Giant Transport Anisotropy in ReS$_2$ Revealed via Nanoscale Conducting Path Control

TL;DR

This study demonstrates giant transport anisotropy in ReS$_2$ by controlling nanoscale conducting paths with ferroelectric polarization, revealing extreme directional conductivity differences and underlying band structure origins.

Contribution

It introduces a method to control and measure giant anisotropic transport in ReS$_2$ using ferroelectric polarization, uncovering the band origin of the anisotropy.

Findings

Conductivity switching ratio >1.5x10^8 at 300 K.

Conductivity anisotropy ratio exceeds 5.5x10^4.

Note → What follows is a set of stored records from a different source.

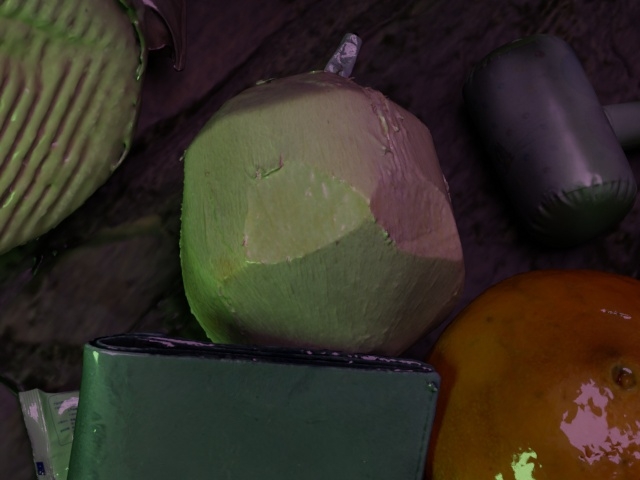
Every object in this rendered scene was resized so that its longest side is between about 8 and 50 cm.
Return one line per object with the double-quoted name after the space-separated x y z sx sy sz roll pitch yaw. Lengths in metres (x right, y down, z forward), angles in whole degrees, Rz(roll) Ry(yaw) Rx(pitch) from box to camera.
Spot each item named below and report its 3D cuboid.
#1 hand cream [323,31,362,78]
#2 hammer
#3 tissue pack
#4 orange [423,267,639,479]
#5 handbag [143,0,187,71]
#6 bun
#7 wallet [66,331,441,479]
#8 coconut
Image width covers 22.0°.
0.018 -0.166 1.609 0.030 0.019 0.093 28 64 -3 "hand cream"
0.311 -0.114 1.619 0.335 0.119 0.206 -11 67 -29 "hammer"
-0.144 0.167 1.363 0.193 0.026 0.123 -6 63 -20 "tissue pack"
0.213 0.157 1.363 0.283 0.226 0.284 5 57 -7 "orange"
-0.203 -0.278 1.548 0.182 0.117 0.270 4 61 -5 "handbag"
-0.320 -0.147 1.337 0.359 0.360 0.211 -30 43 -29 "bun"
-0.062 0.203 1.276 0.290 0.054 0.251 8 102 -20 "wallet"
0.000 0.000 1.373 0.244 0.245 0.247 -3 55 -18 "coconut"
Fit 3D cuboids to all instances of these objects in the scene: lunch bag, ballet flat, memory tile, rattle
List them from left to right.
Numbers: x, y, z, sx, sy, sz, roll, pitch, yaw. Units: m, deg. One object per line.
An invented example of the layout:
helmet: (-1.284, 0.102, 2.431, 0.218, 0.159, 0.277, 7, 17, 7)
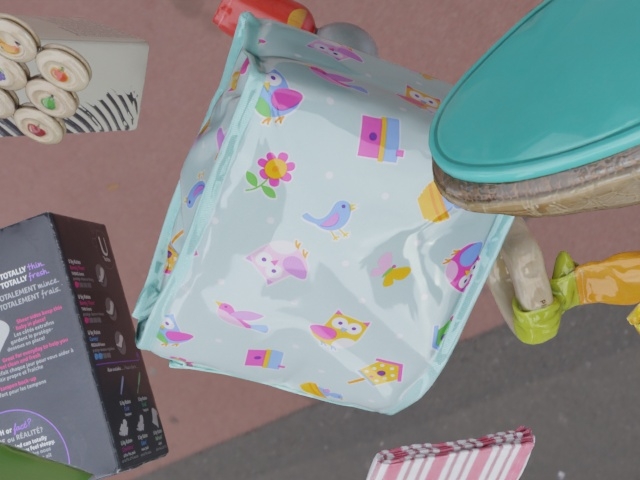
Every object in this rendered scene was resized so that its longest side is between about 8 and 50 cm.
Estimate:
memory tile: (-0.227, -0.122, 0.697, 0.148, 0.012, 0.113, 29, 146, -13)
lunch bag: (0.000, 0.000, 0.773, 0.223, 0.160, 0.262, 16, 117, -15)
rattle: (0.191, -0.005, 0.917, 0.142, 0.200, 0.130, -34, 108, 4)
ballet flat: (0.208, -0.103, 0.444, 0.342, 0.116, 0.124, -40, 134, 13)

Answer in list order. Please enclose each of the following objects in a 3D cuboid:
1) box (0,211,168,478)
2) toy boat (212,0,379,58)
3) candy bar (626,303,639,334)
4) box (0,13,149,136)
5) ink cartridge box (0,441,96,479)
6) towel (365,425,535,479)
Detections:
box: (-0.289, 0.126, 1.111, 0.165, 0.143, 0.270, -18, 83, 10)
toy boat: (0.038, -0.265, 0.849, 0.148, 0.267, 0.318, 25, 123, -10)
candy bar: (0.406, 0.137, 1.245, 0.161, 0.040, 0.018, 56, 160, -23)
box: (-0.295, -0.153, 0.967, 0.113, 0.275, 0.094, 25, 112, 34)
ink cartridge box: (-0.182, 0.187, 0.511, 0.062, 0.209, 0.109, 19, 99, 3)
towel: (0.127, 0.264, 1.136, 0.029, 0.197, 0.144, -118, 33, -45)
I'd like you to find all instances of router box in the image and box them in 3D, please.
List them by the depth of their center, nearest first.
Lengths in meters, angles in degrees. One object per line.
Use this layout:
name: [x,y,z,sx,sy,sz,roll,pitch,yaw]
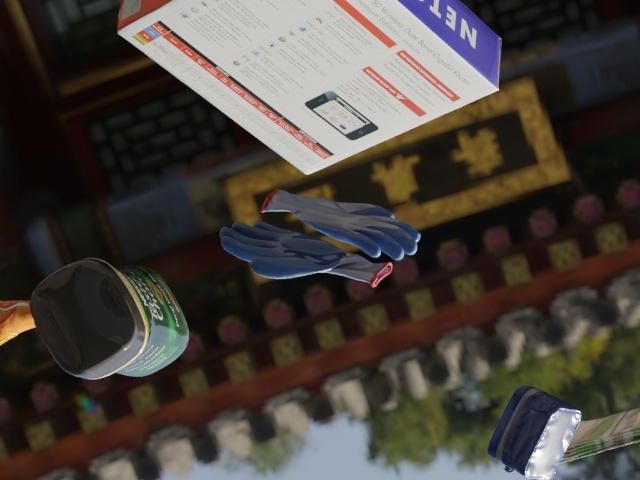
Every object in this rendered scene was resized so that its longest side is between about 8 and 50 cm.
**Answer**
router box: [-0.010,-0.235,2.018,0.301,0.335,0.082,-22,-134,35]

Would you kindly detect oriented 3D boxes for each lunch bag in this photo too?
lunch bag: [0.224,0.207,1.876,0.065,0.098,0.067,30,-173,39]

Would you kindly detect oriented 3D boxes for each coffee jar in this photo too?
coffee jar: [-0.174,0.065,1.457,0.079,0.096,0.184,-31,173,7]

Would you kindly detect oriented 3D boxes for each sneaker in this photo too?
sneaker: [-0.363,0.103,1.873,0.175,0.067,0.064,-16,174,3]

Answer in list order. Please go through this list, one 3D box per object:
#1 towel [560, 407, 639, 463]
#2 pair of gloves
towel: [0.354,0.225,2.121,0.152,0.023,0.113,-22,-173,32]
pair of gloves: [0.000,0.000,1.601,0.159,0.023,0.198,15,-156,14]
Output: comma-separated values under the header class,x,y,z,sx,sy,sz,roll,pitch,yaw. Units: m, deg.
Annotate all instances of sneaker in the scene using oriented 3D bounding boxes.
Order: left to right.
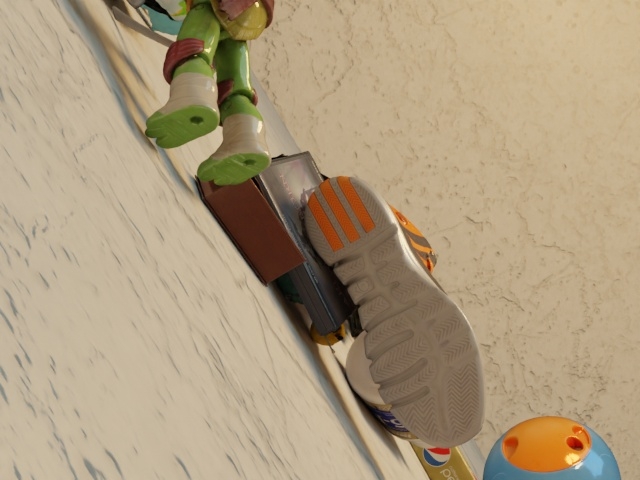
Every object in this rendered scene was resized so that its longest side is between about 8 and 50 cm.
class,x,y,z,sx,sy,sz,roll,pitch,yaw
sneaker,0.105,0.070,1.307,0.321,0.125,0.180,66,15,8

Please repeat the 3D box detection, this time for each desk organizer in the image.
class,x,y,z,sx,sy,sz,roll,pitch,yaw
desk organizer,-0.069,-0.020,1.165,0.130,0.050,0.047,57,5,-36

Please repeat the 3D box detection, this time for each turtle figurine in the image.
class,x,y,z,sx,sy,sz,roll,pitch,yaw
turtle figurine,-0.145,-0.188,1.110,0.198,0.275,0.266,100,-15,-61

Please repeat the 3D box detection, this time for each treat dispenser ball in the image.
class,x,y,z,sx,sy,sz,roll,pitch,yaw
treat dispenser ball,0.485,0.513,2.444,0.288,0.288,0.288,59,4,-7

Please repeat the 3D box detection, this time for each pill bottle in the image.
class,x,y,z,sx,sy,sz,roll,pitch,yaw
pill bottle,0.113,0.188,1.464,0.186,0.112,0.112,54,6,-50

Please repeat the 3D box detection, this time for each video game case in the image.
class,x,y,z,sx,sy,sz,roll,pitch,yaw
video game case,-0.007,-0.006,1.348,0.196,0.026,0.274,63,13,-1

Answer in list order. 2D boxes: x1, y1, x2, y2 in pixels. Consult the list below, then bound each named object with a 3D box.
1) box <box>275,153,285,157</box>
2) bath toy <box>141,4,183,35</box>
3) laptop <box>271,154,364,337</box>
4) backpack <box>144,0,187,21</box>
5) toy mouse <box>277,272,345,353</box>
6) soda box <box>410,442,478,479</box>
class,x,y,z,sx,sy,sz,roll,pitch,yaw
box,-0.020,-0.029,1.900,0.190,0.045,0.184,58,3,-27
bath toy,-0.240,-0.426,1.593,0.348,0.129,0.151,-114,-143,-45
laptop,0.000,0.000,1.715,0.234,0.137,0.264,-23,105,-72
backpack,-0.198,-0.416,1.297,0.290,0.273,0.355,-124,-167,-74
toy mouse,-0.018,0.054,1.327,0.143,0.031,0.161,61,14,-3
soda box,0.188,0.336,1.707,0.181,0.058,0.061,61,4,19
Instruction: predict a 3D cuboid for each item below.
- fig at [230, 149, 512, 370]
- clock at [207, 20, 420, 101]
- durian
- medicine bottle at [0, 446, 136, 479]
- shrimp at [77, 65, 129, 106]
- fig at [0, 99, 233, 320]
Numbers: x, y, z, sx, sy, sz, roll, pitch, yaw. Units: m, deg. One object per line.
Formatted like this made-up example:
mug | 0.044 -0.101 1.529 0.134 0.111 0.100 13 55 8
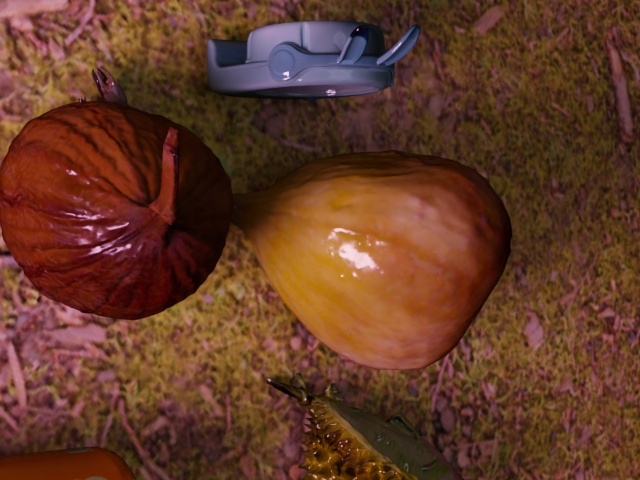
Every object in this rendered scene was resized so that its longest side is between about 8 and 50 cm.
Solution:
fig | 0.000 0.000 1.021 0.257 0.159 0.159 11 81 -16
clock | 0.001 -0.121 0.998 0.108 0.147 0.045 -3 91 -40
durian | 0.041 0.170 1.087 0.215 0.086 0.100 34 35 -37
medicine bottle | -0.203 0.174 0.858 0.192 0.096 0.096 0 89 -40
shrimp | -0.130 -0.068 0.970 0.038 0.029 0.092 -42 109 -23
fig | -0.102 -0.015 0.871 0.146 0.201 0.134 3 92 -30
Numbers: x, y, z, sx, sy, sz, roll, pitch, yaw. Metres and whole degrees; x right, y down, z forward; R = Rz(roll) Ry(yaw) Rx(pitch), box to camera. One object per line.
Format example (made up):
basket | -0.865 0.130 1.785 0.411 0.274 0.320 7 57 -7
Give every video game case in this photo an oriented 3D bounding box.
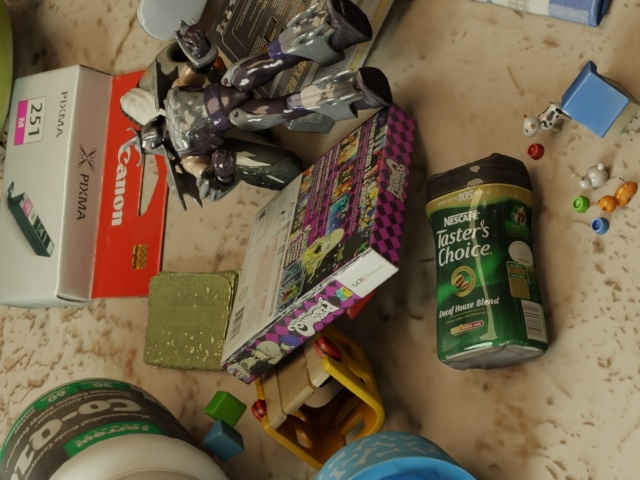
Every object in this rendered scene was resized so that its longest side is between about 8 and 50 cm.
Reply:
video game case | 0.000 0.000 1.731 0.210 0.042 0.232 -39 24 31

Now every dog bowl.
dog bowl | 0.031 0.296 1.621 0.297 0.166 0.074 -59 24 17

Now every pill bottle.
pill bottle | -0.186 0.263 1.719 0.361 0.204 0.204 -154 81 -71

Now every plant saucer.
plant saucer | -0.414 -0.204 2.224 0.241 0.037 0.241 -178 90 -66

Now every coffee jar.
coffee jar | 0.146 0.018 1.630 0.096 0.079 0.184 -20 66 40

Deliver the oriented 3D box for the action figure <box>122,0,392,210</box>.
action figure | -0.078 -0.140 1.773 0.285 0.099 0.185 -21 79 25

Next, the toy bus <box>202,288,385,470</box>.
toy bus | -0.001 0.131 1.726 0.191 0.104 0.202 -21 35 54

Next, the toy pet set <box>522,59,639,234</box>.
toy pet set | 0.225 -0.089 1.588 0.114 0.065 0.122 -54 49 20

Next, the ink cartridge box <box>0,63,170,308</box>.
ink cartridge box | -0.271 -0.064 2.080 0.239 0.060 0.275 -6 75 45

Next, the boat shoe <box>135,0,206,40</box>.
boat shoe | -0.136 -0.344 1.992 0.258 0.095 0.084 -59 25 5

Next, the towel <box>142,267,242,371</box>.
towel | -0.132 0.085 1.925 0.148 0.027 0.110 -4 78 43

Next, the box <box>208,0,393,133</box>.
box | -0.010 -0.253 1.845 0.183 0.056 0.231 50 124 40

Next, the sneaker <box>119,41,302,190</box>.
sneaker | -0.110 -0.133 1.911 0.271 0.100 0.108 34 97 43

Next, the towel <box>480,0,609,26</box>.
towel | 0.183 -0.324 1.713 0.285 0.034 0.209 24 97 45
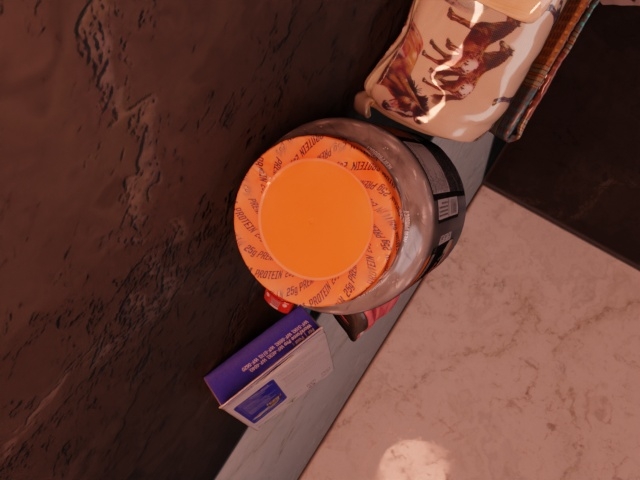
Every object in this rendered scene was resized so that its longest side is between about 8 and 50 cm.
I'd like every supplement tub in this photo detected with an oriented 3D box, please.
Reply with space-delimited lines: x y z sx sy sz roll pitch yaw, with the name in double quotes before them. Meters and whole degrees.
"supplement tub" 0.042 -0.030 0.779 0.194 0.193 0.316 -62 165 14

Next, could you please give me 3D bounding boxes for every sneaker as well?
"sneaker" 0.075 0.085 1.245 0.136 0.116 0.314 -37 174 0

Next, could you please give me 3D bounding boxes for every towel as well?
"towel" 0.363 -0.322 1.315 0.272 0.040 0.370 -63 -171 15

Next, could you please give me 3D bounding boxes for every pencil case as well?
"pencil case" 0.183 -0.297 0.789 0.160 0.183 0.411 -94 -156 -58

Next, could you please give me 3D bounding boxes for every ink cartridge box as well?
"ink cartridge box" -0.065 0.184 1.034 0.165 0.065 0.333 -36 163 -10

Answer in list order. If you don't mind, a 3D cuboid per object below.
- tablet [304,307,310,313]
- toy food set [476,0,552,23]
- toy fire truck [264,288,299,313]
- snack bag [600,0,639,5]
"tablet" -0.031 0.133 1.255 0.054 0.006 0.083 -37 155 -57
"toy food set" 0.030 -0.231 0.274 0.306 0.092 0.220 8 117 -36
"toy fire truck" 0.000 0.000 0.999 0.192 0.047 0.135 -44 160 -43
"snack bag" 0.379 -0.451 0.885 0.342 0.037 0.323 -70 151 -69

Emergence of a flat band in few-layer ReS$_2$.

Abstract

The low in-plane symmetry in layered 1T'-ReS$_2$ results in strong band anisotropy, while its manifestation in the electronic properties is challenging to resolve due to the lack of effective approaches for controlling the local current path. In this work, we reveal the giant transport anisotropy in monolayer to four-layer ReS$_2$ by creating directional conducting paths via nanoscale ferroelectric control. By reversing the polarization of a ferroelectric polymer top layer, we induce conductivity switching ratio of >1.5x10$^8$ in the ReS$_2$ channel at 300 K. Characterizing the domain-defined conducting nanowires in an insulating background shows that the conductivity ratio between the directions along and perpendicular to the Re-chain can exceed 5.5x10$^4$. Theoretical modeling points to the band origin of the transport anomaly, and further reveals the emergence of a flat band in few-layer ReS$_2$. Our work paves the path for implementing the highly anisotropic 2D materials for designing novel collective phenomena and electron lensing applications.